We have a benchmarking program for our reporting system that generates a specific report 2,000 times.
We have tried to reduce this down to just the time in our engine so:
- The template is read from disk once into memory, then that copy in memory is passed to the engine.
- File based datasources (XML, JSON) are also read into memory once and then that cached datasource is reused.
- The SQL database is SqlServer on the same machine. So there is I/O, but it should be fast.
- The OData datasource is on a different server so this has I/O that can take a bit of time.
Now here's where it gets interesting. Our engine is written in Java and we use IKVM to create a .NET version of it. IKVM creates DLLs that are true .NET clr byte codes. It's as though we wrote the same code in C#. So fundamentally we have the same code on Java & C#.
And the JSON (JPath) Java code is 100% the .NET JSON code via IKVM. The XML (XPath) Java code is 98% the same on the .NET side. The Sql code is seperate on the class to the connector (JDBC vs. ADO.NET) but everything outside of those connectors is identical. Same for OData.
So to sum up, same code and for XML/JSON totally CPU bound, while Sql a bit I/O bound and OData a bit more I/O bound.
Here's the results under Java. Pretty much a 50% increase in total production (each report generates in a single thread, it's the total pages across all reports across all threads we're measuring) for doubling the number of threads.
This is on a 4 core system that with hyper-threading appears as 8 cores to the program.
Java Engine Output (Pages Per Second)
But in .NET not as expected. XML & JSON small improvement from 2 - 4 threads and nothing after that. Sql decent improvement from 2 - 4 threads and again nothing after that. Only OData shows the expected improvement:
Our code to run this under multiple threads is:
ReportWorker[] workers = new ReportWorker[numThreads];
for (int ind = 0; ind < numThreads; ind++)

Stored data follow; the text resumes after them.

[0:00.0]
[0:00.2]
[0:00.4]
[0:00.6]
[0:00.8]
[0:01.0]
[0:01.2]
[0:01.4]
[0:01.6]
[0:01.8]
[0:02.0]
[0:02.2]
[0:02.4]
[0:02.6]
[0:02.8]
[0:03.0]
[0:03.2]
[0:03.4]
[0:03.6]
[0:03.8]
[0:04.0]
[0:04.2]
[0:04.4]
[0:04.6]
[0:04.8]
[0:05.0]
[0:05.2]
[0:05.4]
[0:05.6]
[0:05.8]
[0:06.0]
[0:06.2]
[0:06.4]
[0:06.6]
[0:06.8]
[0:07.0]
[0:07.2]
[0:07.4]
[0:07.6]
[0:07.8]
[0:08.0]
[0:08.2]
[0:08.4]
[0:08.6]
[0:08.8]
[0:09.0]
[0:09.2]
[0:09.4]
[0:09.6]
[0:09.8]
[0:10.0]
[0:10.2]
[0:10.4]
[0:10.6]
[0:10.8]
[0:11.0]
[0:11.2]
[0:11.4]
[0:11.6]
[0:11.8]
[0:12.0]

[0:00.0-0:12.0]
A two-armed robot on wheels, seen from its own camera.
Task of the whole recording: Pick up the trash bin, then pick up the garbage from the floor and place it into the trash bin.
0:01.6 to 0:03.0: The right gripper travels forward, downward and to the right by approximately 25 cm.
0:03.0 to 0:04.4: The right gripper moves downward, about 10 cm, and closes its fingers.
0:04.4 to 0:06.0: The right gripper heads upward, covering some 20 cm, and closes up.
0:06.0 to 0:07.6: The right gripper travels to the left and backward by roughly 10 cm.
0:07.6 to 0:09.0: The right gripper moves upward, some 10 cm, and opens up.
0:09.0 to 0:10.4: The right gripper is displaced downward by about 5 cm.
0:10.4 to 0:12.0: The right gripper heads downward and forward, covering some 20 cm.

workers[ind] = new ReportWorker(ind, new CommandLine(cmdLine));
System.Threading.Thread[] threads = new System.Threading.Thread[numThreads];
for (int ind = 0; ind < numThreads; ind++)
threads[ind] = new System.Threading.Thread(workers[ind].DoWork);
for (int ind = 0; ind < numThreads; ind++)

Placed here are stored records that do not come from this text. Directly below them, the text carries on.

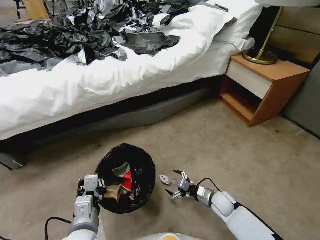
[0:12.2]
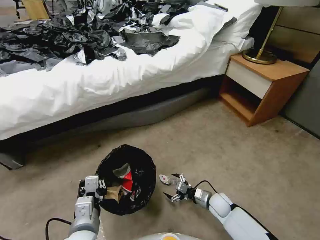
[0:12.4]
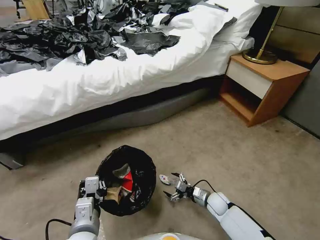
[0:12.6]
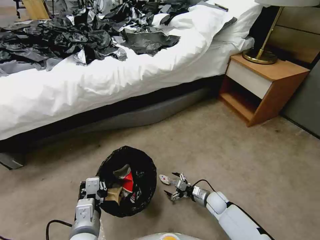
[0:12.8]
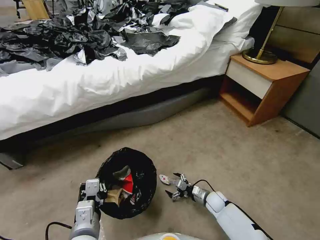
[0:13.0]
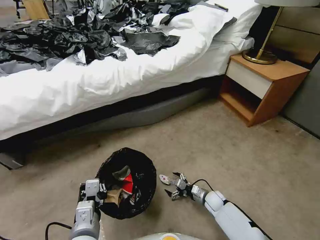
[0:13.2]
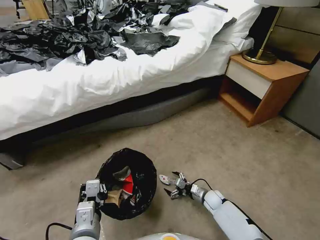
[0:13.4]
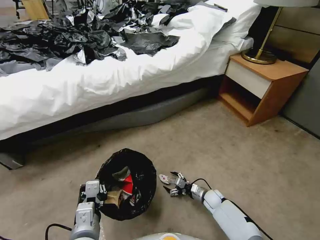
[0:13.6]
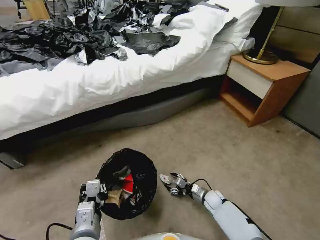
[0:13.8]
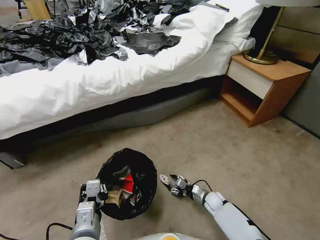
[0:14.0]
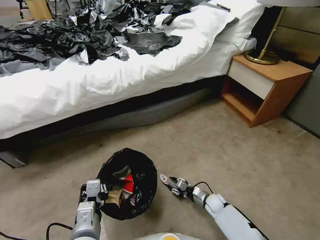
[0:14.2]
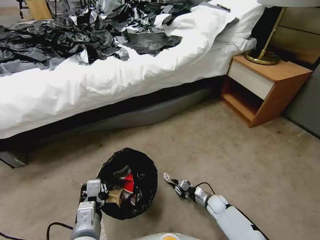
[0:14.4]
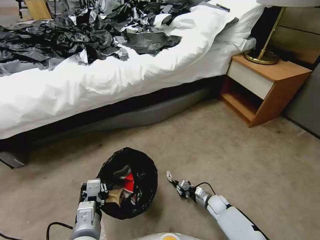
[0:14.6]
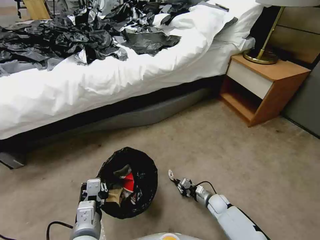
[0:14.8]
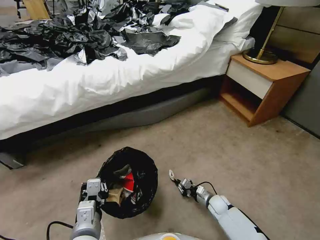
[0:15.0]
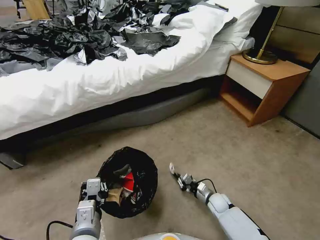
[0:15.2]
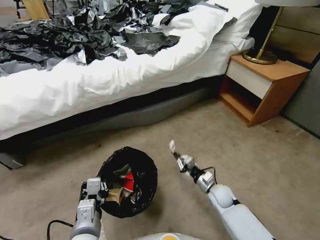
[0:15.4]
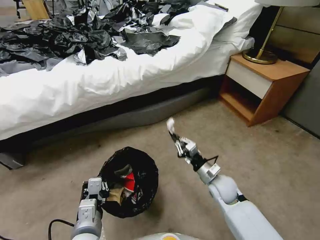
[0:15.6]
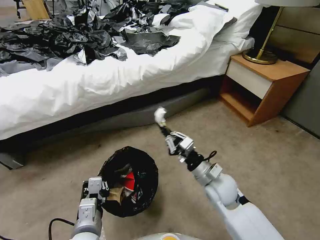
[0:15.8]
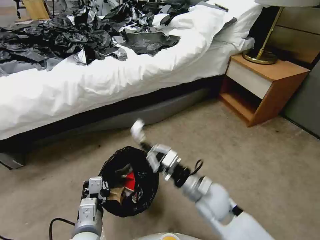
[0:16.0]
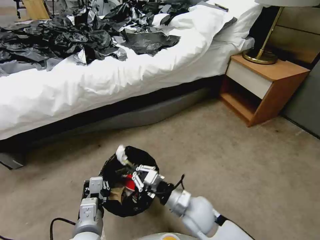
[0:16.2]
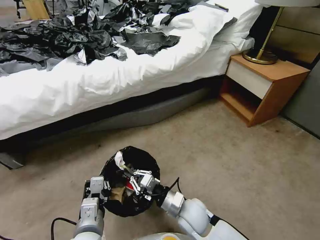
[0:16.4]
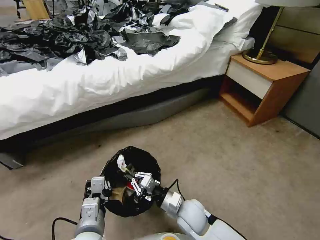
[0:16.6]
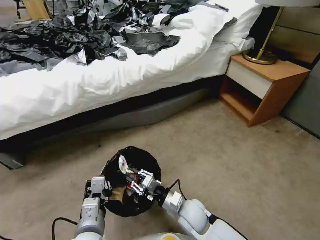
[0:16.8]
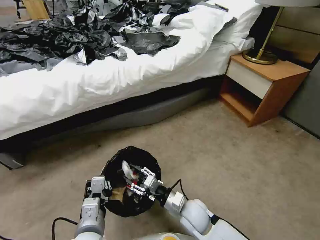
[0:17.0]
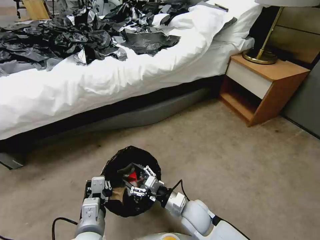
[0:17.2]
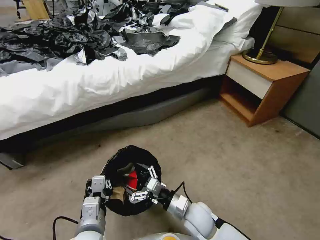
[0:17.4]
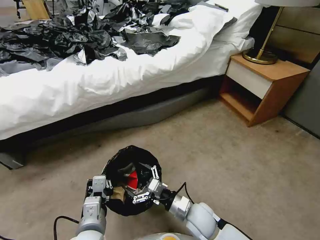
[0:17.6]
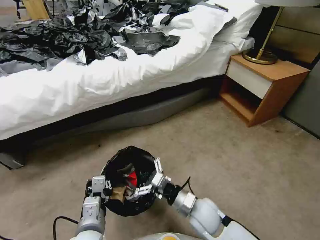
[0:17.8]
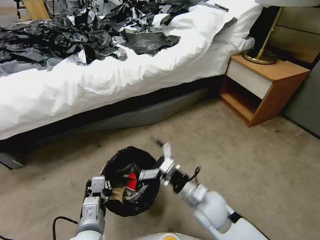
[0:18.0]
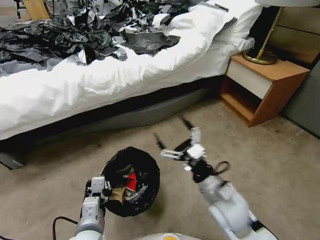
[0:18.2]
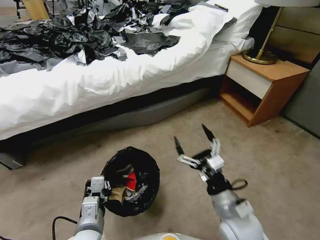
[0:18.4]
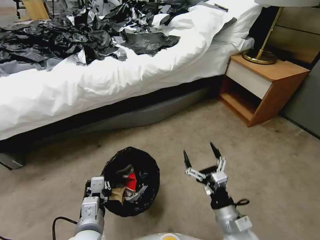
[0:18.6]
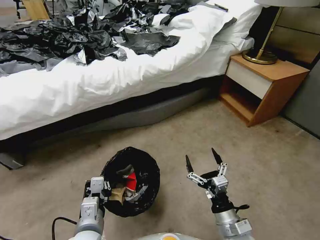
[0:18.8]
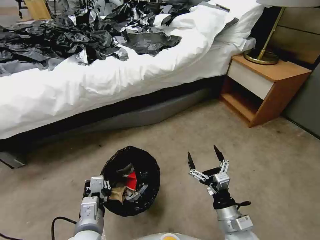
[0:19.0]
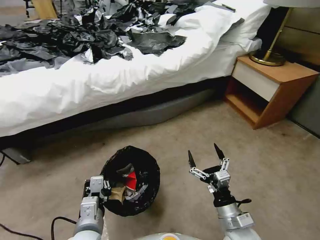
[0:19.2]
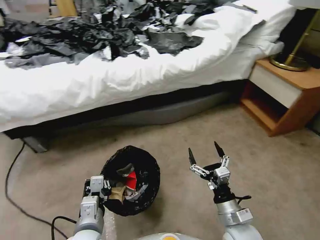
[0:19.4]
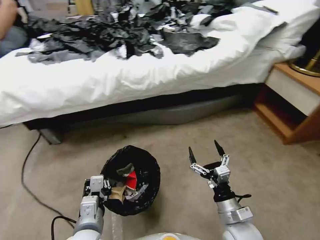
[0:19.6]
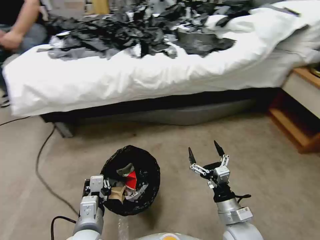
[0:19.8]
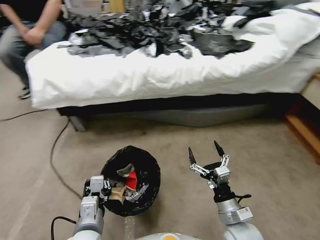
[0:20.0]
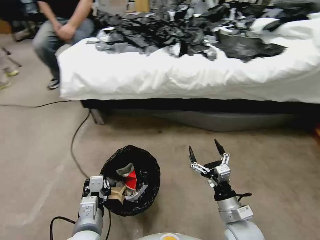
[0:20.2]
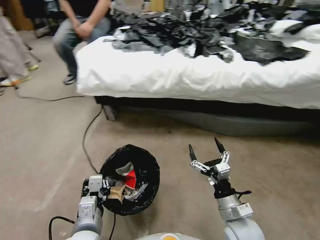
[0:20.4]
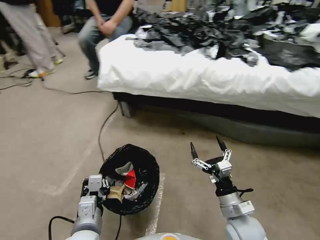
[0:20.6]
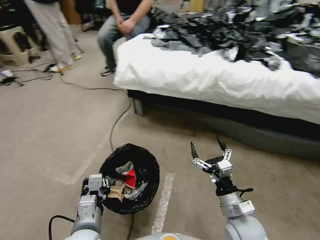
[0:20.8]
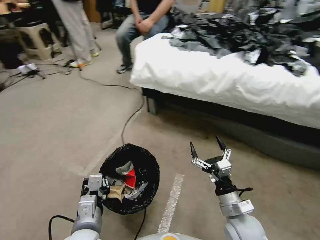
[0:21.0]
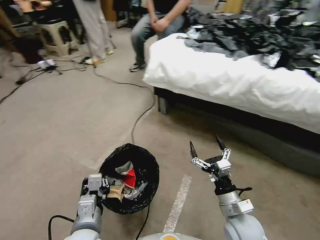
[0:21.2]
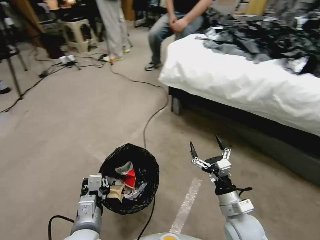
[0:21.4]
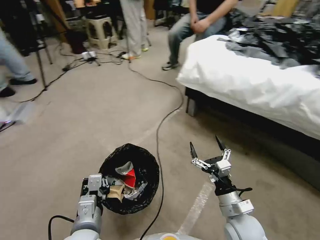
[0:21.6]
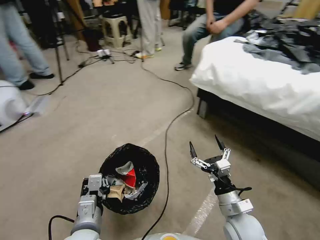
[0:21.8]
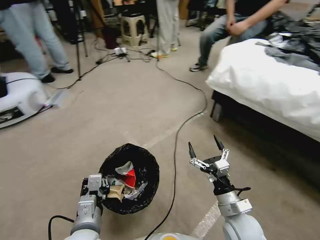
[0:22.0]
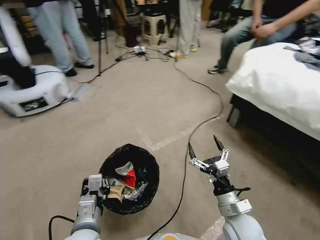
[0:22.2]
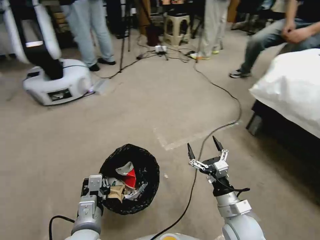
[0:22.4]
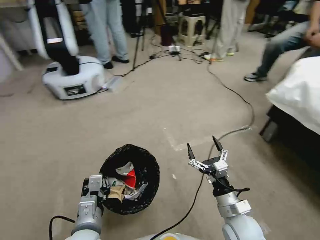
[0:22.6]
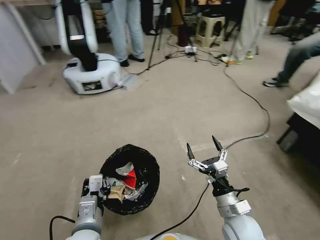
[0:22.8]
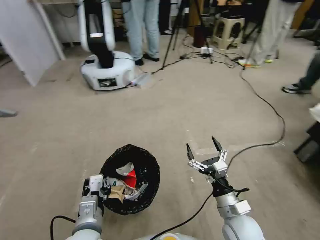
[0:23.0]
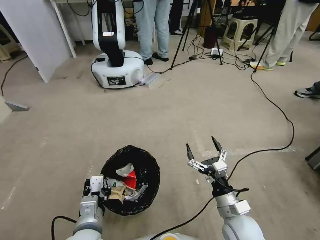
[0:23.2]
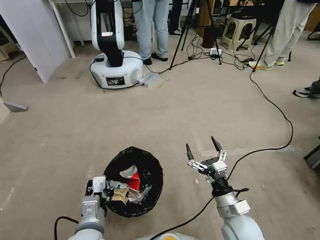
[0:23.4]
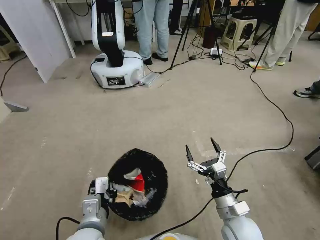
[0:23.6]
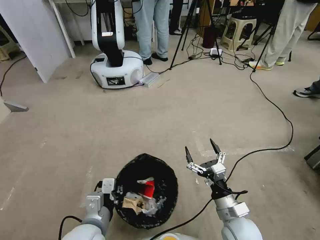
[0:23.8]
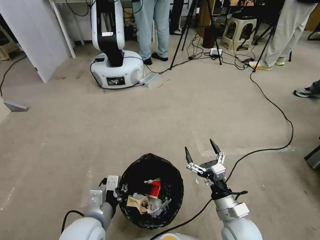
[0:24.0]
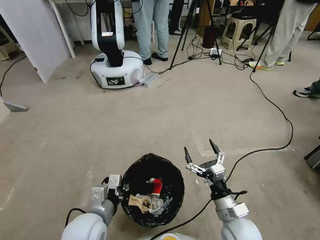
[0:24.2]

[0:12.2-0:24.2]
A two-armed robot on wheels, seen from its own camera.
Task of the whole recording: Pick up the trash bin, then pick up the garbage from the floor and place it into the trash bin.
0:12.2 to 0:13.8: The right gripper is displaced downward by about 5 cm.
0:13.8 to 0:15.2: The right gripper closes.
0:15.2 to 0:16.6: The right gripper moves upward, to the left and backward, roughly 25 cm.
0:16.6 to 0:18.2: The right gripper heads upward and to the right, covering about 15 cm, and opens its fingers.
0:18.2 to 0:19.8: The right gripper shifts some 10 cm downward and backward.

threads[ind].Name = "Report Worker " + ind;
for (int ind = 0; ind < numThreads; ind++)
threads[ind].Start();
// we wait
for (int ind = 0; ind < numThreads; ind++)
threads[ind].Join();
When I run for 4 threads all 8 CPUs (using the Windows performance monitor) are sitting between 50% & 80%. When running 8 threads all 8 CPUs are running at 80% - 95%.
Is there something in the above threading code that would cause these results? This is a command line app - is there some reason it might not run the threads simultaneously?
Any suggestions about what to change or investigate are appreciated.